Lucy Torres-Gomez (born Lucy Marie Martinez Torres; December 11, 1974), is a Filipina actress and politician. She has served as Mayor of Ormoc and as the Representative for Leyte's 4th legislative district from June 2013 to June 2022, and previously from June 2010 to March 2013. This district includes the city of Ormoc, and the municipalities of Albuera, Isabel, Kananga, Matag-ob, Merida, and Palompon.

She is married to fellow actor turned politician Richard Gomez, who currently serves as the mayor of Ormoc.

Early life and media career
Torres-Gomez was born on December 11, 1974, in Ormoc, Philippines to Manuel "Manoling" Torres Jr. and Julie Martinez, the second of four children.
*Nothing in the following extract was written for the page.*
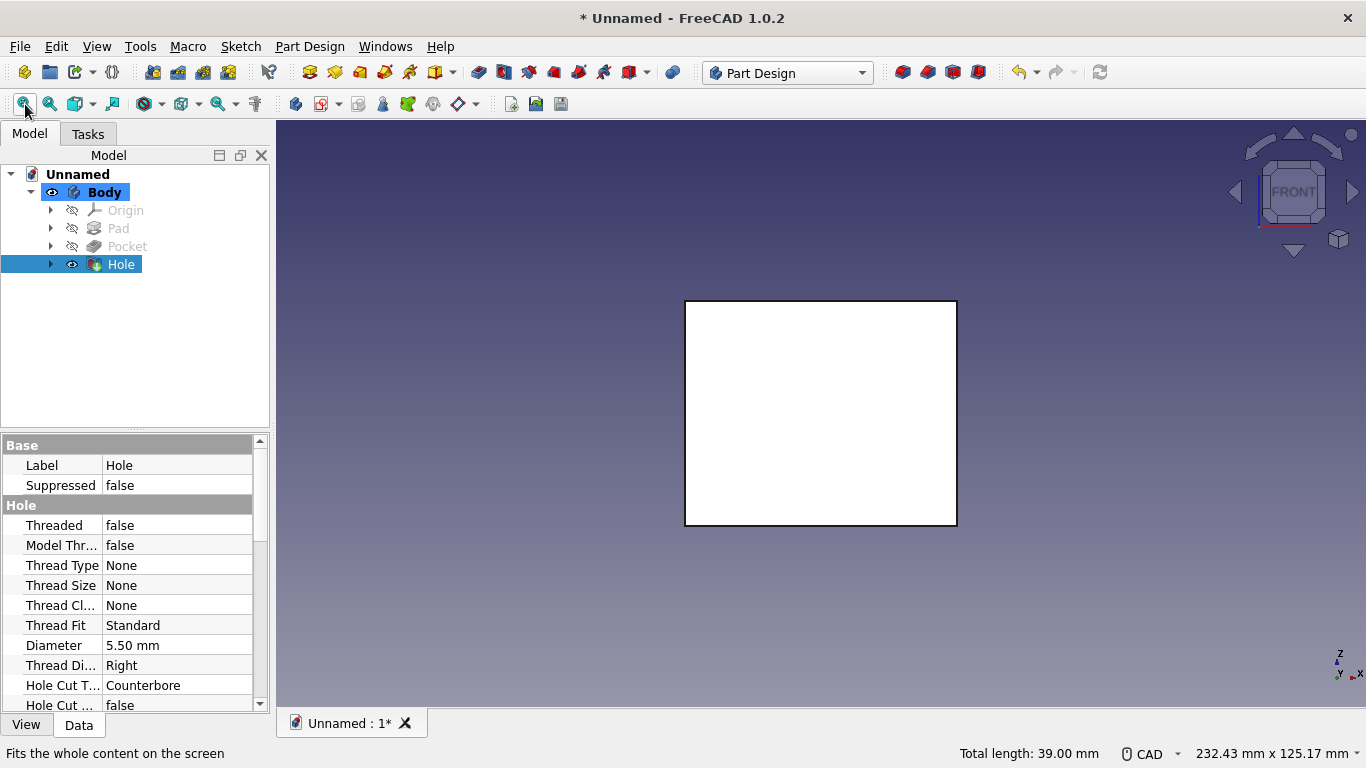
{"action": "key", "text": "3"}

She has an older sister and two younger brothers. For primary and secondary school, she attended the Benedictine founded Saint Peter's College in Ormoc. Torres-Gomez later attended the University of the Philippines Cebu (then a college of the University of the Philippines Visayas), from which she earned a Bachelor of Science degree in business management.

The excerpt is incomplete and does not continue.